The yield on the interest rate-sensitive two-year gilt fell 0.05 percentage points to 5.02 per cent and the 10-year yield dropped by a similar amount to 4.42 per cent, while sterling dropped 0.3 per cent against the dollar to $1.247. Bond yields move inversely to prices.

Unemployment rose to 4.3 per cent in the three months to July, above the Bank of England’s forecast for the third quarter.

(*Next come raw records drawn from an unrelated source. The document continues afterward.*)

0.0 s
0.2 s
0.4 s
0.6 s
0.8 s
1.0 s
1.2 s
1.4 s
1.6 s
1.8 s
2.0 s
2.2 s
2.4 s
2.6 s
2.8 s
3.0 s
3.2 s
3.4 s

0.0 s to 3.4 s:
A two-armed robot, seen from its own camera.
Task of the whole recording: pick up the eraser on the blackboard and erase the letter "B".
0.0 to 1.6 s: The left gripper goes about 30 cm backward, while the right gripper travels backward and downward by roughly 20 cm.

However, annual pay growth was 7.8 per cent in the three months to July, the highest rate in records going back to 2001.

“With unemployment on the rise and vacancies continuing to fall, the UK jobs market is likely to loosen further as businesses rethink expansion and hiring plans,” said Alice Haine, personal finance analyst at investment platform Bestinvest. 

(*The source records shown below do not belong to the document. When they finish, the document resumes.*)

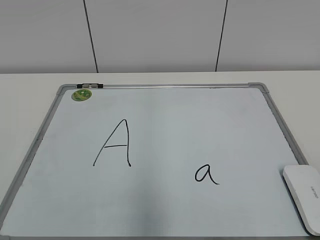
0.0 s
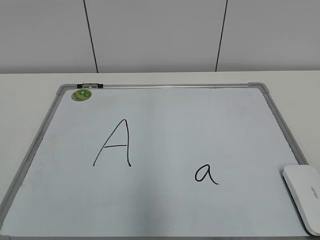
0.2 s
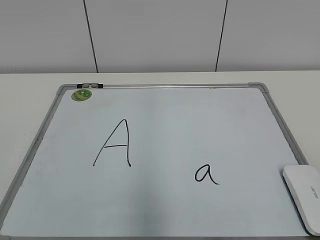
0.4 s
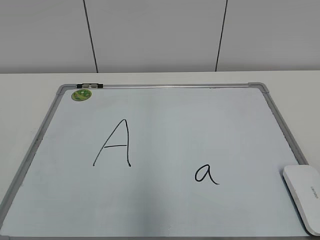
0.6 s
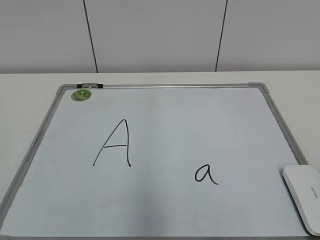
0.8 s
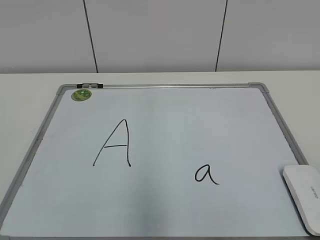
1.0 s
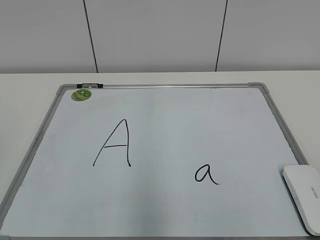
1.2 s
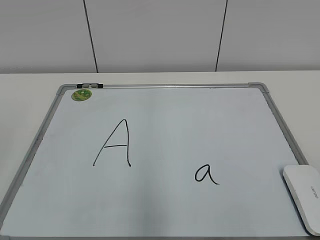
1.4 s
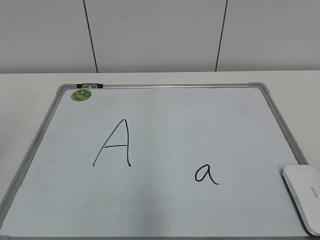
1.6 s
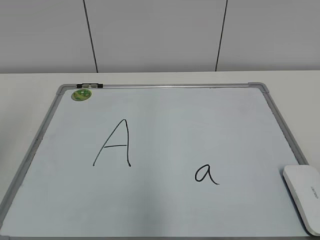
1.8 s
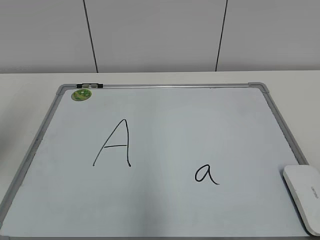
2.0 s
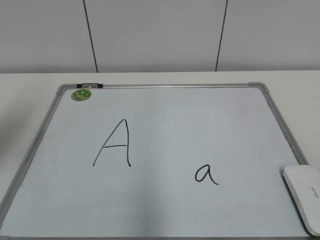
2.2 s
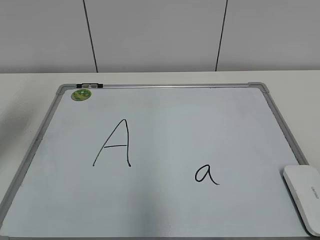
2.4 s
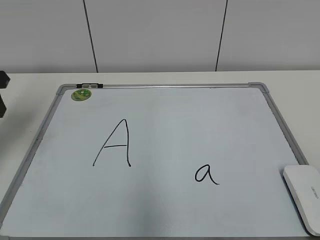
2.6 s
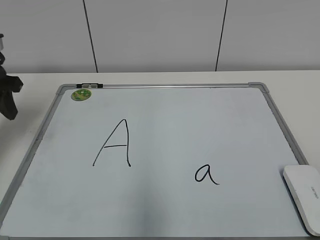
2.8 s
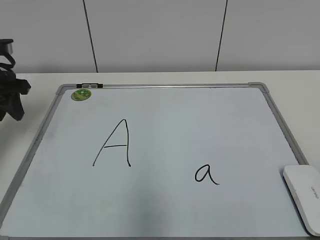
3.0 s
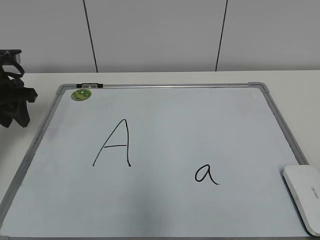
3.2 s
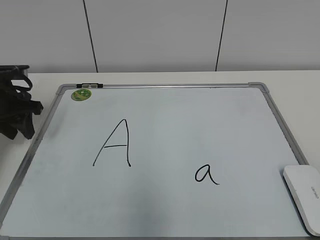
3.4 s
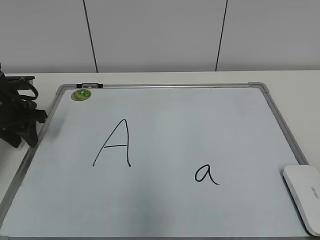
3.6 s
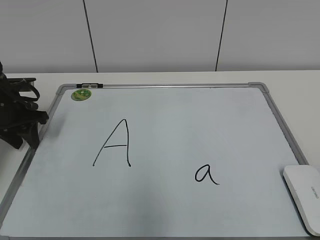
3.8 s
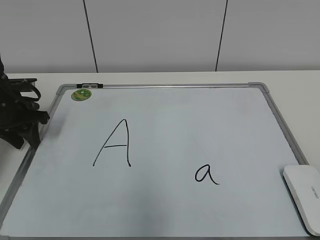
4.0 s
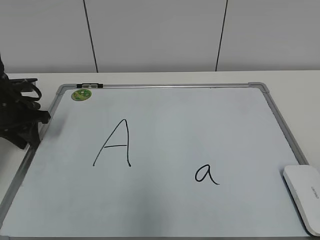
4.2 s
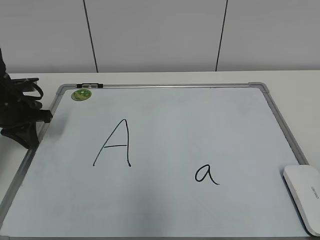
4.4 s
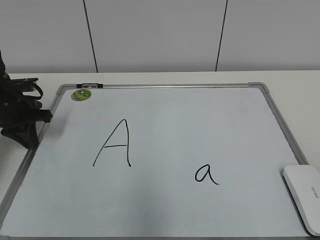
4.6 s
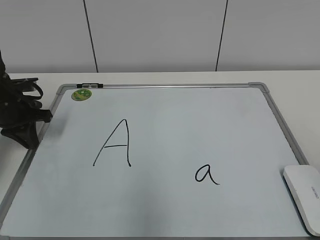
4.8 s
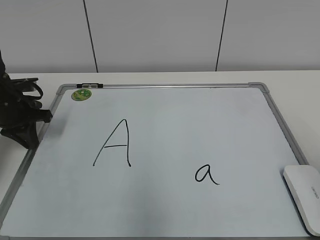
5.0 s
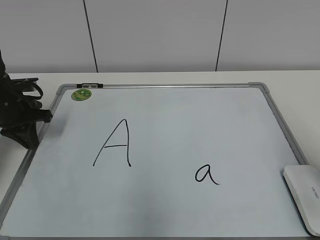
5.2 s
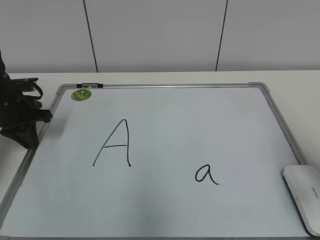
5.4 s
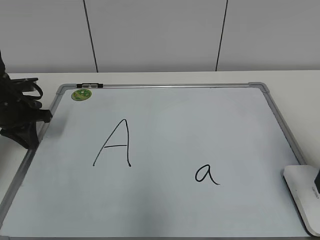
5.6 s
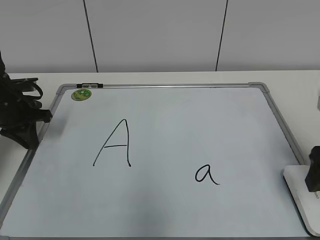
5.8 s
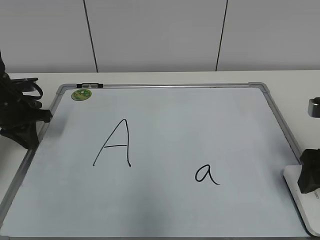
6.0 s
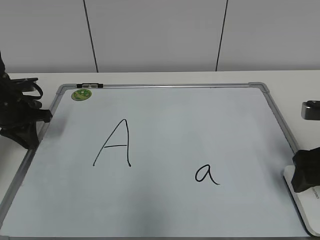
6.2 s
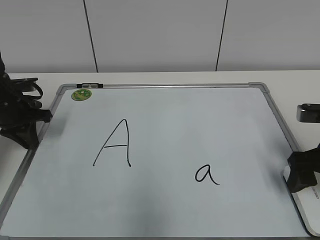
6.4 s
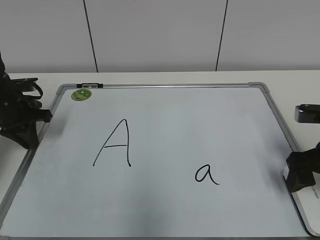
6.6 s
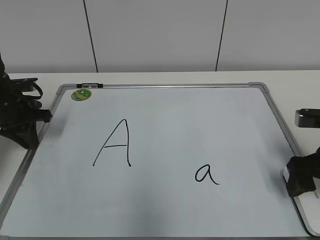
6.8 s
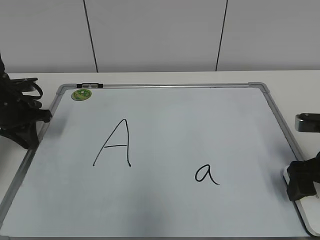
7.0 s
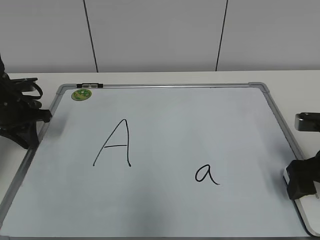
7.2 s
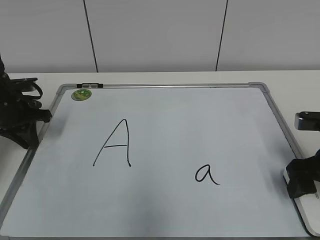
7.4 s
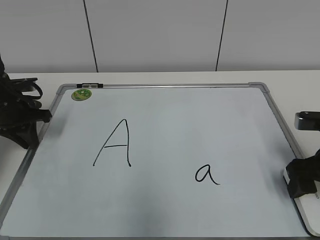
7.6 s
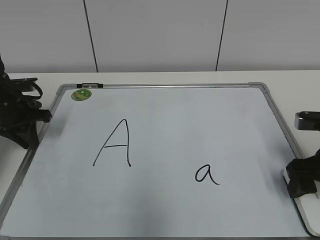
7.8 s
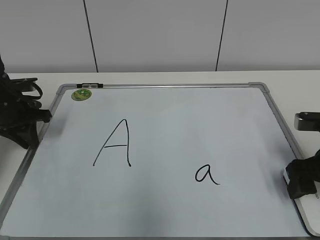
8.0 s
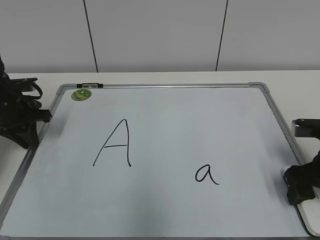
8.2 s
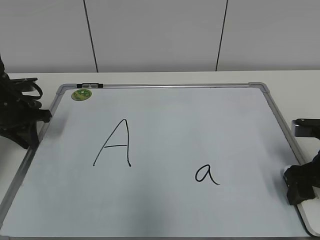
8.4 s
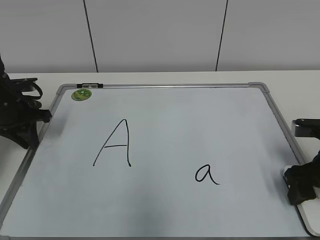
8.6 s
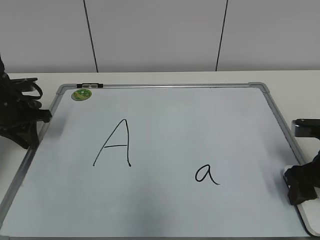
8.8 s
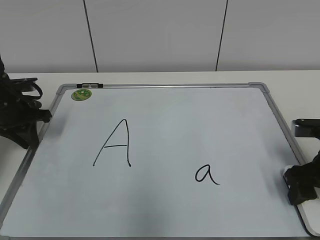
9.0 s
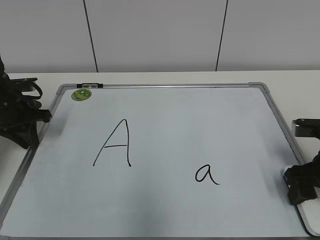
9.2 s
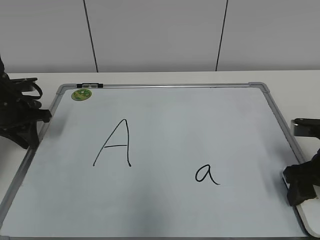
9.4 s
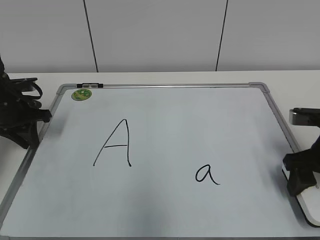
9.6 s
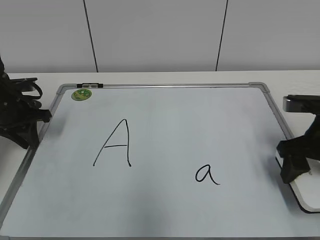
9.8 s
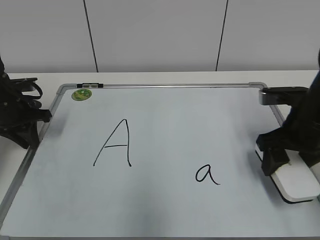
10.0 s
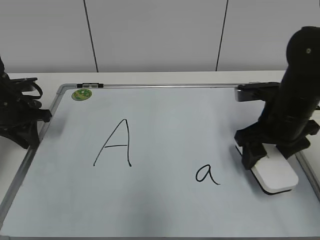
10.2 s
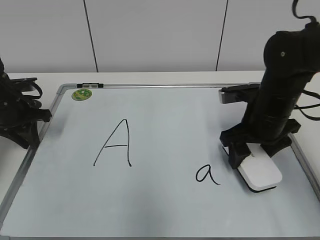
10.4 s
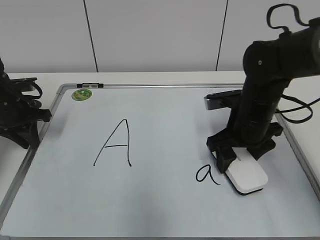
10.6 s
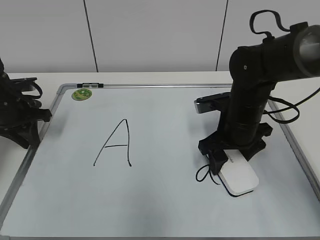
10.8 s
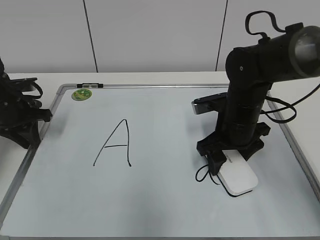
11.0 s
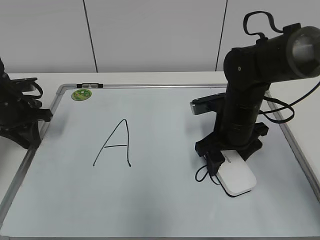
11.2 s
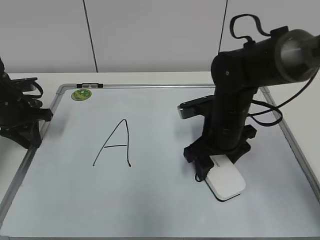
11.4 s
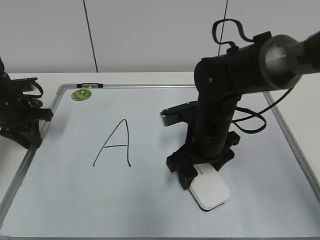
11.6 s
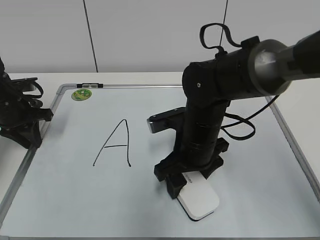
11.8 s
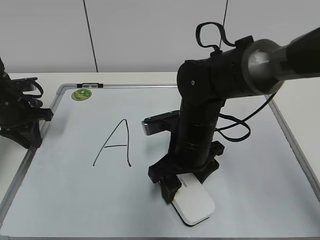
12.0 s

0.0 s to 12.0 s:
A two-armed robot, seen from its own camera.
Task of the whole recording: pick up the eraser on the blackboard and erase the letter "a".
Step, 0.0 to 7.6 s: Hold the drawing board steady with your left hand.
Step, 7.8 to 8.2 s: Grab the eraser with your right hand.
Step, 8.6 to 12.0 s: Erase the letter a with your right hand.
1.6 to 3.0 s: The left gripper moves forward and downward, approximately 25 cm.
3.0 to 4.4 s: The left gripper travels downward by approximately 10 cm, and closes.
4.4 to 6.0 s: The right gripper travels forward by some 25 cm, and opens.
6.0 to 7.6 s: The right gripper closes up.
7.6 to 9.0 s: The right gripper closes up.
9.0 to 10.4 s: The right gripper travels to the left and forward by some 15 cm.
10.4 to 12.0 s: The right gripper goes roughly 10 cm to the left.

“While the Bank of England is likely to welcome signs the tight labour market is softening, it will be less accommodating about accelerating wage growth.”

The majority of market participants expect the Bank of England to increase interest rates, which are already at a 15-year high, by another quarter-point to 5.5 per cent next week. 

The jobs data comes a day after Catherine Mann, one of the central bank’s more hawkish policymakers, said she would “rather err on the side of over-tightening”, as price pressures remained well above the BoE target.

“Signals coming from the labour market have simply been too strong to justify a pause in rate rises”, said Hugh Gimber, global market strategist at JPMorgan Asset Management.

“This morning’s data makes another increase in UK interest rates highly likely next week, even despite some of the weaker growth numbers recently.” 

European stocks, meanwhile, were mixed on Tuesday. The region-wide Stoxx Europe 600 gave up early gains to trade flat, with London’s FTSE 100 rising 0.4 per cent but Germany’s Dax losing 0.5 per cent and France’s Cac 40 slipping 0.3 per cent. 

Contracts tracking Wall Street’s benchmark S&P and those tracking the tech-focused Nasdaq Composite declined 0.3 per cent ahead of the New York opening bell. 

Investors’ attention is turning to the US inflation report due on Wednesday, which will feed into the US Federal Reserve’s own decision on interest rates next week. 

The rate of annual price growth in the world’s largest economy is expected to have increased to 3.6 per cent in August, up from 3.2 per cent in the previous month, bolstered by firmer oil prices. 

Brent crude, the international benchmark, rose 0.7 per cent to $91.24 per barrel on Tuesday, remaining near its highest level this year, while US marker West Texas Intermediate added 0.8 per cent to $88.03.

Asian equities were mixed, with Hong Kong’s Hang Seng index down 0.4 per cent and China’s CSI 300 losing 0.2 per cent, while Japan’s Topix rose 0.8 per cent.